I often wish I could go back in time for this exact reason: to have my mom in charge, making all the important decisions. No doubt about it, I have a great mom and have been unusually lucky in that respect. But I wonder whether other people with big love for their parents yearn to return to those early days. I also wonder whether the difference between then and now is particularly harsh for writers.

Parent and child holding hands
Photo credit: Prabin Basnet

To explain what I mean, I need to specify: I’m talking about the past/present difference for aspiring writers—those without an agent, editor, or publicist urging them to usher a new work into the world. If that is you, welcome to my Unagented Writers’ Club! We have no one directing our career, guiding us forward, or validating our writing from the perspective of a mentor in traditional publishing. Every day we have to choose what to work on all by ourselves. In fact, we have to choose whether to work at all. Would anyone notice if we stopped?

Sadly, no. No literary professional, anyway. And this is what is suddenly stopping all my forward momentum.

Dog stopping headlong to intercept a frisbee in front of a soccer goal
If it’s a matter of keeping the frisbee out of the goal, Tock absolutely will slam on the brakes for it.

This stuck status is weird for me. For so many years now, I’ve done what all the writing craft books tell us to do. I’ve written a story, sought outside critiques, taken it to workshops, polished the thing to a shine, submitted it, and, while waiting for the replies (if any) to my submissions, begun another one. I’ve lost count how many unpublished novels I’ve got at this point. Nine, I think? After completing the last one, I’ve found myself reluctant to start again. I can hardly stand the thought of birthing yet another story that will never find its way to readers.

Worse, this feeling has bled into other parts of my life as well. Or maybe without the constant writing I used to do, I’ve noticed the other bits more. Every day I wake up at the same time, eat the same breakfast, go on the same walk with my dog, and proceed to fill my day with the same things I did yesterday.
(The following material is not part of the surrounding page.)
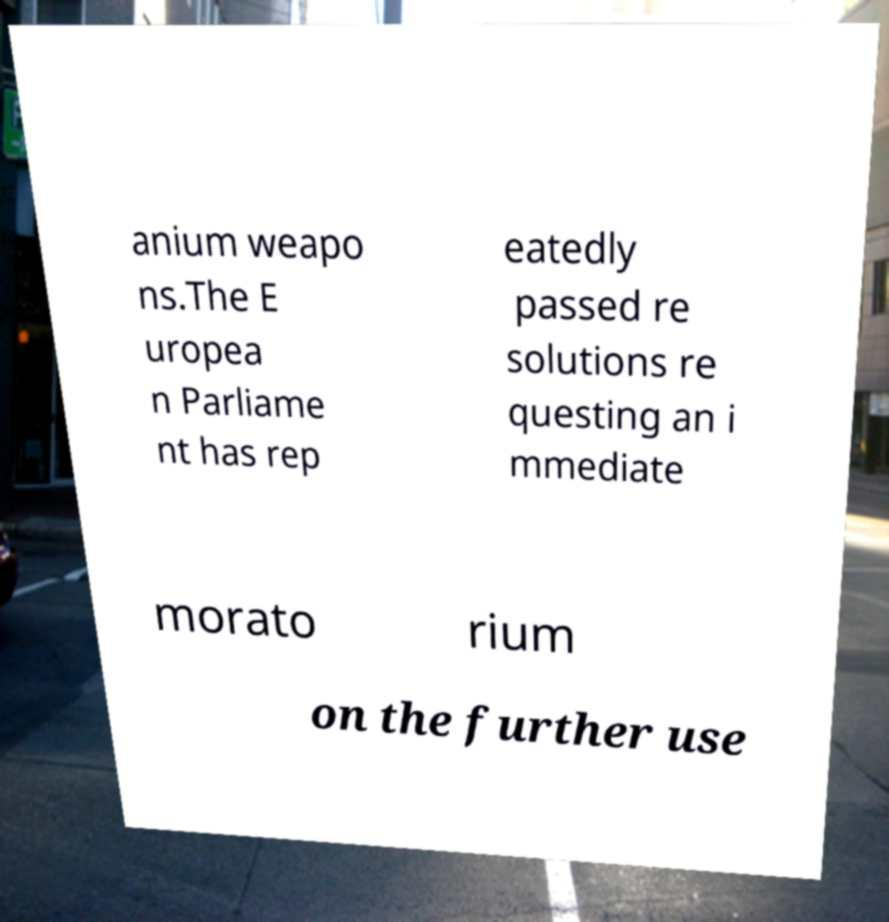For documentation purposes, I need the text within this image transcribed. Could you provide that? anium weapo ns.The E uropea n Parliame nt has rep eatedly passed re solutions re questing an i mmediate morato rium on the further use

When I crawl into bed at the usual time, I think to myself, “Well, that’s another day done.”

Dog standing inside woods where trail leads
Almost every day, Tock and I enter the woods here.

Do you ever feel like this? Totally stuck in your life, as if each breath inhaled, each minute lived is simply another one to get through, on the way to some distant goal that, realistically, may never happen? Your tires are spinning, and you’ve finally realized that all this engine revving is just making you sink deeper.

This dog is a much more thorough hole-digger than Tock. Photo Credit: Suraj Tomer

I’m tired, I guess. Tired of pouring my soul into something that only my critique partners will see. Tired of a sinking feeling in my gut that this story will progress no further than any of its forebears. Tired of wondering what the point to all of it is. I’m stuck in a hole of my own making—one no one would even know about if I didn’t mention it here. The worst of it is, I can’t seem to dig my way out!

Looking up from a deep rocky hole with blue sky above
My current POV. Photo credit: Elias Tsapaliaris

Hold on. I need to stop my rant here, because I do in fact have a way out. It’s so obvious I’m embarrassed to have overlooked it.

Dog standing next to digging tools that are lying on the grass (shovel, pulaski, and trowel)
Tools for unearthing something

I have a shovel.

Not the metaphorical one I thought I needed, but an actual steel shovel. All I need to do is fetch it from the garden shed, grip its smooth wooden handle and start to dig. This will get me away from my computer and my dark thoughts, first of all. Second, it’ll take me to the garden, which desperately needs weeding and turning over before the first frost. Third, and most important, as I use the blade to dig beneath the grass roots and excavate the rich loam, maybe something in my mind will loosen as well. It might pull me further away from writing … or it might pitch me back into it. I don’t know, but I have to try.

As I dig, I remember how last year in this same garden, my shovel turned up my grandmother’s ring. I thought I’d lost it in the woods months earlier, and spent many days scouring the part of the trail where I was sure it had fallen. That time wasted was nothing compared to my joy at spotting a golden shine through the dirt. An unexpected treasure!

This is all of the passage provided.